Stop the Cap! is one of the few, the proud, the fact checkers.

As with most of the memes attacking Net Neutrality on political grounds, there is considerable exaggeration at work here.  We could find two references on CBS News’ website to the aforementioned claim, and both turned out not to be news reports, but one blog entry and a reprinted news article from a conservative news site¹:

An Associated Press wire story this past weekend covering proposed legislation also appears on CBS News (and thousands of other websites).

At issue is S.773, The Cybersecurity Act of 2009, a Senate bill introduced by Sens. Jay Rockefeller (D-West Virginia) and Olympia Snowe (R-Maine) to establish an effective defense against cyber attacks on the United States.  Some early drafts of the proposed bill had some language, long since discarded, that could have raised privacy concerns, but it’s disingenuous at best to suggest this bill’s language, known to Newsmax and others propagating these near-hysterical conspiracy theories, would give any power to the Obama Administration to silence dissent and “control the Internet.”

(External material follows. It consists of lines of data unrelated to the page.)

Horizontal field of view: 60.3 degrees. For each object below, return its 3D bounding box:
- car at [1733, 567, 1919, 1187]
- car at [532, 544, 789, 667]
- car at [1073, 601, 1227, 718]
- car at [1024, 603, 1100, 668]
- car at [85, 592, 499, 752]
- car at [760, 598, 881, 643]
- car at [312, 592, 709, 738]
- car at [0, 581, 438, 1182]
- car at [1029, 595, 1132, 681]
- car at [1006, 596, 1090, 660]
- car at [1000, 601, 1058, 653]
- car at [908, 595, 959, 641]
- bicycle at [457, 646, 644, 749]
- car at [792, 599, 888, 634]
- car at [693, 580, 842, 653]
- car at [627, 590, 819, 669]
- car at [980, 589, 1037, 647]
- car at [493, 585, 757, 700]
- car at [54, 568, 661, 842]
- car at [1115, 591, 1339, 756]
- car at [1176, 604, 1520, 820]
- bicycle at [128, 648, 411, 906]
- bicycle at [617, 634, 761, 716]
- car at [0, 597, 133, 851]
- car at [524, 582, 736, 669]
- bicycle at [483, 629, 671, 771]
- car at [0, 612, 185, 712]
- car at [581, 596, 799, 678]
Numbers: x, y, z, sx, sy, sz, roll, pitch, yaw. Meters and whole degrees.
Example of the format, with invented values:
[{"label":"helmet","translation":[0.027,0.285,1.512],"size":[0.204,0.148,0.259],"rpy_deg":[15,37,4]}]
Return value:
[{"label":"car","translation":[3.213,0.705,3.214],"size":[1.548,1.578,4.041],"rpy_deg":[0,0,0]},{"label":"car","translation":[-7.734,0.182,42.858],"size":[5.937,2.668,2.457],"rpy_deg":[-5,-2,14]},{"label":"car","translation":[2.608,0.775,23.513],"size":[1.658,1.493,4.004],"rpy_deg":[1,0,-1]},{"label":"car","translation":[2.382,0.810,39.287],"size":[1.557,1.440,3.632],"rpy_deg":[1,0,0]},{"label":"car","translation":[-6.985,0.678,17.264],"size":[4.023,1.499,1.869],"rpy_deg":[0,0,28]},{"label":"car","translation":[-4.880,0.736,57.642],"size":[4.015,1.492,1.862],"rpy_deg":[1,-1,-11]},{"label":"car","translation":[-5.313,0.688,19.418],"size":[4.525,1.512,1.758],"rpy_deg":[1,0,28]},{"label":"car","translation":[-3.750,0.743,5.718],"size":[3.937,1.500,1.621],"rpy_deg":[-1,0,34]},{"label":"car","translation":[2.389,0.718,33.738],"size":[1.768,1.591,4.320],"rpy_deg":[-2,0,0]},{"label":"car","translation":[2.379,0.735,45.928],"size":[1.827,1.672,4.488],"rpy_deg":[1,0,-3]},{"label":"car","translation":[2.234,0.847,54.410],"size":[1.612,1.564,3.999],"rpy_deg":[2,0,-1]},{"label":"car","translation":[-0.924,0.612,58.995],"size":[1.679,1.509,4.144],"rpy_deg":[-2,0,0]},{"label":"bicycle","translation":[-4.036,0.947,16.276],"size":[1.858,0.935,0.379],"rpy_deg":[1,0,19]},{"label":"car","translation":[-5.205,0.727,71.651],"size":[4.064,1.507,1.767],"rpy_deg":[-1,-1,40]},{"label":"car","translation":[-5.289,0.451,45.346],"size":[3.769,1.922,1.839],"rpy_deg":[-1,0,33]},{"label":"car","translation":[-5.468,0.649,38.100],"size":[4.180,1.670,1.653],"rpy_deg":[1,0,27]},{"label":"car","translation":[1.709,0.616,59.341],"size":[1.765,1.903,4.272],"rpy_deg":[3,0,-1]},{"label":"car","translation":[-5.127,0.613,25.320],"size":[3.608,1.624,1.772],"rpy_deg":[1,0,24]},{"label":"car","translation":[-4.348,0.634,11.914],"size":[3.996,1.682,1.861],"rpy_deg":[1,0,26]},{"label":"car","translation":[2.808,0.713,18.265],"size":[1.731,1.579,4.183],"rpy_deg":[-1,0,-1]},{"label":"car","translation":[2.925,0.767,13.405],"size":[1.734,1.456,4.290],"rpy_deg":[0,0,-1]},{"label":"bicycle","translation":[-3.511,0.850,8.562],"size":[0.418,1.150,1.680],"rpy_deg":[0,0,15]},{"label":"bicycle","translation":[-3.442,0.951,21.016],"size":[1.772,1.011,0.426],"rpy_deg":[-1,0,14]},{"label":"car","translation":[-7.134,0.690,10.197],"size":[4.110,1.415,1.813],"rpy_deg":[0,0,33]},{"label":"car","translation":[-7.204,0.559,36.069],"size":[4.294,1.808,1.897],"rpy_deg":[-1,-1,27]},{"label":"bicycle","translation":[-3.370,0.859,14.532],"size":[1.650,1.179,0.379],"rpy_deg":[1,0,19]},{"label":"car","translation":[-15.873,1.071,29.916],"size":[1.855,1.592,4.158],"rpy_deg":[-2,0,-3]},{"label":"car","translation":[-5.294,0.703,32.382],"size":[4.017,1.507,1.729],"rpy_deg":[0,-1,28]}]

In fact, this legislation does not even originate with the White House.  Jena Longo, deputy communications director for the Senate Commerce committee, de-fanged the hysteria back in late August in a statement:

The President of the United States has always had the Constitutional authority, and duty, to protect the American people and direct the national response to any emergency that threatens the security and safety of the United States. The Rockefeller-Snowe Cybersecurity bill makes it clear that the President’s authority includes securing our national cyber infrastructure from attack. The section of the bill that addresses this issue, applies specifically to the national response to a severe attack or natural disaster. This particular legislative language is based on longstanding statutory authorities for wartime use of communications networks. To be very clear, the Rockefeller-Snowe bill will not empower a “government shut down or takeover of the internet” and any suggestion otherwise is misleading and false. The purpose of this language is to clarify how the President directs the public-private response to a crisis, secure our economy and safeguard our financial networks, protect the American people, their privacy and civil liberties, and coordinate the government’s response.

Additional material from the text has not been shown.